The urinary tract is prone to a number of adverse conditions which impact its functioning
In vitro studies have suggested that exposure of renal epithelial cells to oxalate and/or calcium oxalate (CaOx) crystals causes an increase in expression of immediate early genes (c-myc, Egr-1, c-jun and nur-77) [33,34,35] and production of urinary macromolecules (Tamm-Horsfall protein, Osteopontin, Prothrombin fragment-1, Bikunin and inter-α-inhibitor, α1-Microglobulin, CD44, Calgranulin, Heparan sulfate, Osteonectin, Fibronectin, Matrix Gla Protein), modulating CaOx crystallization and crystal retention in the kidneys, as an adaptive responses of cells to oxalate [36]
In this study we identified 4 novel proteins namely, Nuclear pore anchor, DEAD Box ATPdependent RNA helicase 45, Lon protease homolog 1 and Heat shock protein 90–3, as anionic inhibitors of CaOx crystallization from the bark of Terminalia arjuna

Summary

Introduction

The urinary tract is prone to a number of adverse conditions which impact its functioning.

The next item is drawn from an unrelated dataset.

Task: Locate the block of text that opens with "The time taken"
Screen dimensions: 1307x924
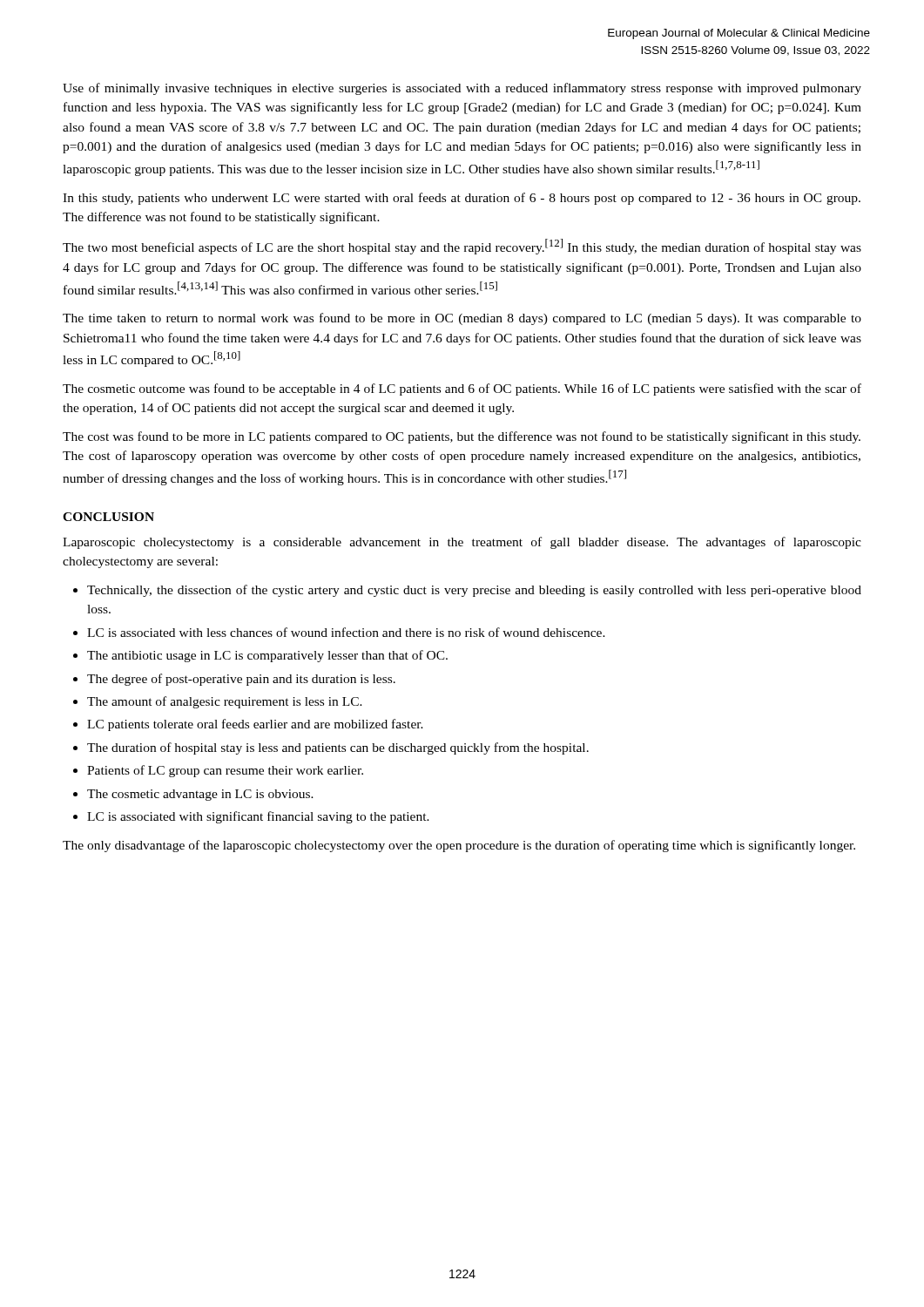Action: point(462,339)
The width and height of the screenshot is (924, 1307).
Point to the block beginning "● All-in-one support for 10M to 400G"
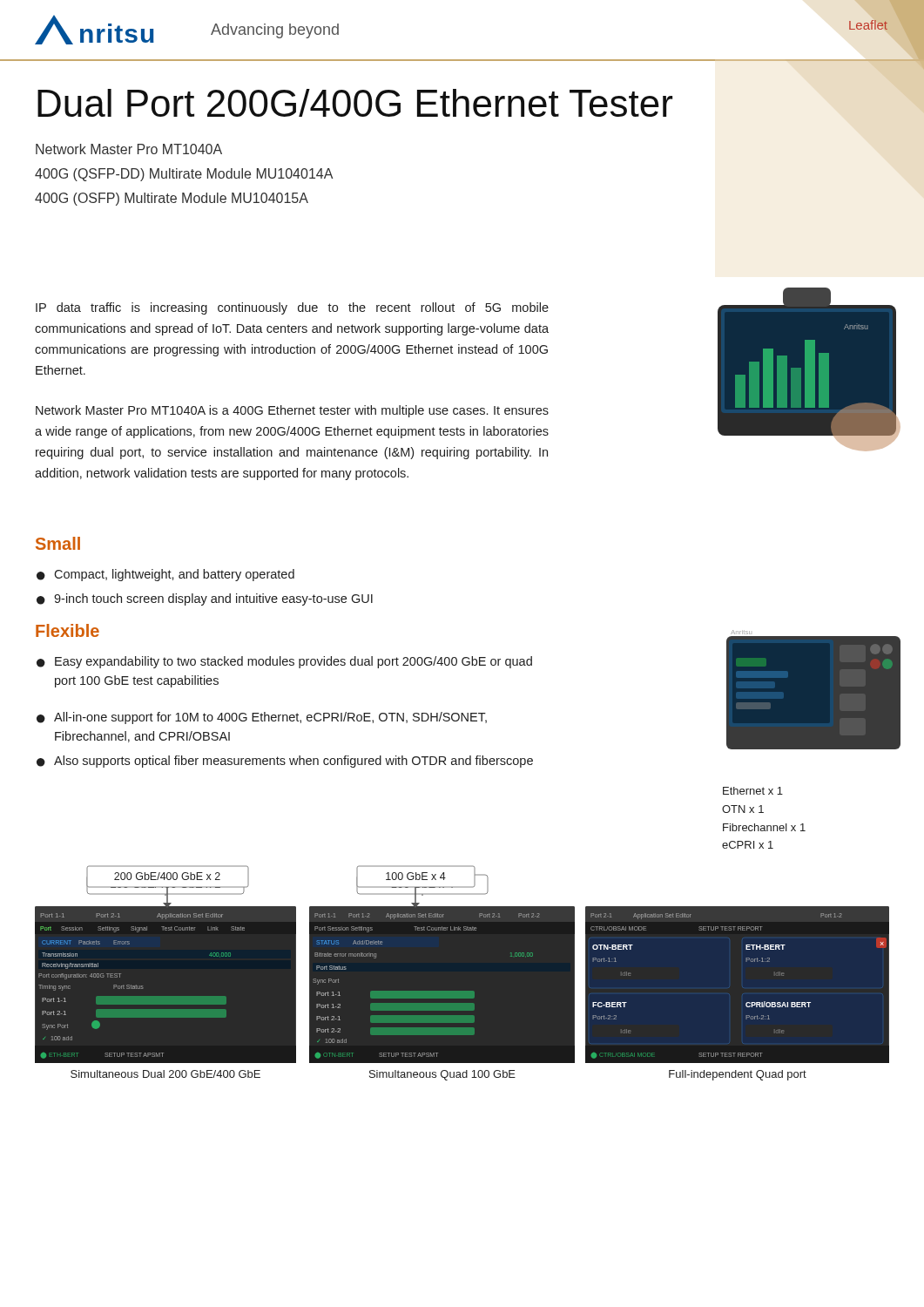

One prominent urinary tract disease is urolithiasis, which is the third most frequent urological affliction in humans [1]. Stone disease affects 2–20% population worldwide [2] with a prevalence rate of 15% in India [3]. The occurrence of CaOx kidney stone is the net effect of a panoply of factors which manifests themselves both within the cells as well as the environment in which the cells are present. The composition of the urinary fluid in terms of various ions, the propensity of these ions to form crystals and their further growth, as well as the presence of macromolecules in the fluid, are some examples of extracellular factors which occur in the tubular lumen and pelvis of the kidney. Cellular events/triggers which take place in the renal epithelial and interstitial cells, comprise of the interaction of oxalate and/or CaOx crystals on renal epithelial cells and how these cells respond to high oxalate and/or CaOx crystals [4]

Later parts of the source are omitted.